One section of the application requirements notes: “For an applicant with 20 or more employees, the applicant shall attest that the applicant has entered into a labor peace agreement and provide a copy of the agreement.” It doesn’t say “union,” but it seems likely workers may soon start forming the “Local 420” workers’ unions.

Cops can participate

The new law prohibits employees from the California Department of Justice, district attorney’s offices, police departments, sheriff’s offices or the State Department of Consumer Affairs from receiving a license if their duties involve the enforcement of state marijuana laws.

However, local law enforcement personnel can own a pot businesses outside of the county where they’re employed.

The local control provisions are there

The applications must include proof from a city or county governments that a company is allowed to distribute, test or grow marijuana and are in good standing with said jurisdiction.

And so are rules about distance from schools

Dispensary applicants must also prove their proposed location is at least 600 feet away from a school.

Dispensaries must use child-safe packaging

It must also be opaque, so as to shield the contents. If the product is intended for multiple uses, it must also be resealable.

Not everyone gets a background check

The first section of the proposed law deals with establishing just who will be required to file an application for state licensure. It defines an owner as a chief executive officer or anyone who owns 5 percent or more of a publicly traded company or 20 percent or more of a private one.
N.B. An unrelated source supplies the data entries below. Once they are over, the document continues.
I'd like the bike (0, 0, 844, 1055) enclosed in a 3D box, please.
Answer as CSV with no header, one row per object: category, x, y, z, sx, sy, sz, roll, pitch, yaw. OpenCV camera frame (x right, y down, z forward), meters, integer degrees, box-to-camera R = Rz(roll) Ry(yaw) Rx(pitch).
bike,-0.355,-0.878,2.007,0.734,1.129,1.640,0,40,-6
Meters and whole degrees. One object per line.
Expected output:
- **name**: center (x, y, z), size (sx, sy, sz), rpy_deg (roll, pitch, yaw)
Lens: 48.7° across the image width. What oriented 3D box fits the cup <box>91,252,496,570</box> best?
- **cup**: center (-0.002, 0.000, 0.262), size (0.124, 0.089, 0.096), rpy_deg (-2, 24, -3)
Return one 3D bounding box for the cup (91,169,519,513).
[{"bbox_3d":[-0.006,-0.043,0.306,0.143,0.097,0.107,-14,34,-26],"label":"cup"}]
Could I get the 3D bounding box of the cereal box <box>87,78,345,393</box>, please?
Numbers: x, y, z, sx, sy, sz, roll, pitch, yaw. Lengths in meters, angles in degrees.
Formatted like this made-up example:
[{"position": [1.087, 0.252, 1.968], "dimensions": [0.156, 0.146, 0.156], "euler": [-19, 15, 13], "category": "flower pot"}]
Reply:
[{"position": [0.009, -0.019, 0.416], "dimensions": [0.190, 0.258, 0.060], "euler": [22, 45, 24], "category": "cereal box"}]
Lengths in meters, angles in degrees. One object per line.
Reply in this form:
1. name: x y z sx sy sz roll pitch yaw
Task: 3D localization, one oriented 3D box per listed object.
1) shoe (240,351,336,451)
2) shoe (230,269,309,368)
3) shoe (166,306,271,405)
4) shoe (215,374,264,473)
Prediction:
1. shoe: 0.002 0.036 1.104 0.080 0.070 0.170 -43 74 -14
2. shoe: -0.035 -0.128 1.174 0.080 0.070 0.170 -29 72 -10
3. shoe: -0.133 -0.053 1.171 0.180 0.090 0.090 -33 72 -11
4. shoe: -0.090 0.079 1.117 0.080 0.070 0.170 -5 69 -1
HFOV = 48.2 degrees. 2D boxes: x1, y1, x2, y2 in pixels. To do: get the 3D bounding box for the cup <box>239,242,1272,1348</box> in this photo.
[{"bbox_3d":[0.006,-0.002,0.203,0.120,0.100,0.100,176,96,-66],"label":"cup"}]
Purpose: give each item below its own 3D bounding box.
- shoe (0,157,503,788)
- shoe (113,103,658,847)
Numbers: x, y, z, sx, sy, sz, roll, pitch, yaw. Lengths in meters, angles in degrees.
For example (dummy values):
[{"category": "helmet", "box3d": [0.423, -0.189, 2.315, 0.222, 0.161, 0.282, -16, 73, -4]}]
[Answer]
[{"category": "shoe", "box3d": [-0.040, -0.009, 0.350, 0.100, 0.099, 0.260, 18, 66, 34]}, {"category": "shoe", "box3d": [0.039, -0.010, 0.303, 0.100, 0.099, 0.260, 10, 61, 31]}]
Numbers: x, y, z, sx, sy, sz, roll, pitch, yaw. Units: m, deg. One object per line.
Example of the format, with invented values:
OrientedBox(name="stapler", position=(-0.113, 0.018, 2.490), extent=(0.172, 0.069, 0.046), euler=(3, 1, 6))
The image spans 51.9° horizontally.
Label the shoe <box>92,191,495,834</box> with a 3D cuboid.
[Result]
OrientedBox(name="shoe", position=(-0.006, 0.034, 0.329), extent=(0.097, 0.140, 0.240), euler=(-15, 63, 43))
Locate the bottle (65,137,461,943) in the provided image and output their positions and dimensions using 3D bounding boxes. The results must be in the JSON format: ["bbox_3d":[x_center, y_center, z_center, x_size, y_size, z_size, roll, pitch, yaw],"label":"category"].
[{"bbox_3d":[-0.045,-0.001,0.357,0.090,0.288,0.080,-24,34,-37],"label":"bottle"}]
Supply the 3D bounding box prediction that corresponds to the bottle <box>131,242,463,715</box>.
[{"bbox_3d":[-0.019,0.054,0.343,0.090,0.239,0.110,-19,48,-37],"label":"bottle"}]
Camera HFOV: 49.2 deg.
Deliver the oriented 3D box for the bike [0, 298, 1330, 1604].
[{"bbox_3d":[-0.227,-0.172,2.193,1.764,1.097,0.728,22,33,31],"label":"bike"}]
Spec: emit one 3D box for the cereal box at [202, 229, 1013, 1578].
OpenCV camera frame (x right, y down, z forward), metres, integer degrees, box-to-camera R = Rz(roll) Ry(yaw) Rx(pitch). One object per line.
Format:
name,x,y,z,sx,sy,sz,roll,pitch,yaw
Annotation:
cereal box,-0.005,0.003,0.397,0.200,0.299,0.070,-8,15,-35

It also defines managers as owners in so many words. Anyone with authority to hire/fire, buy/sell cannabis or make policy decisions falls under the owner category.

Banks and financial institutions who give a business a loan are not considered owners.

Each “owner” will have to submit an application with a variety of typical licensure requirements, including contact information, financial disclosures and specifics about the proposed business. They must also share any criminal convictions, save for juvenile records or minor traffic infractions that don’t involve drugs or alcohol. For each conviction, they must write a letter that provides evidence of their rehabilitation and says why they should be approved.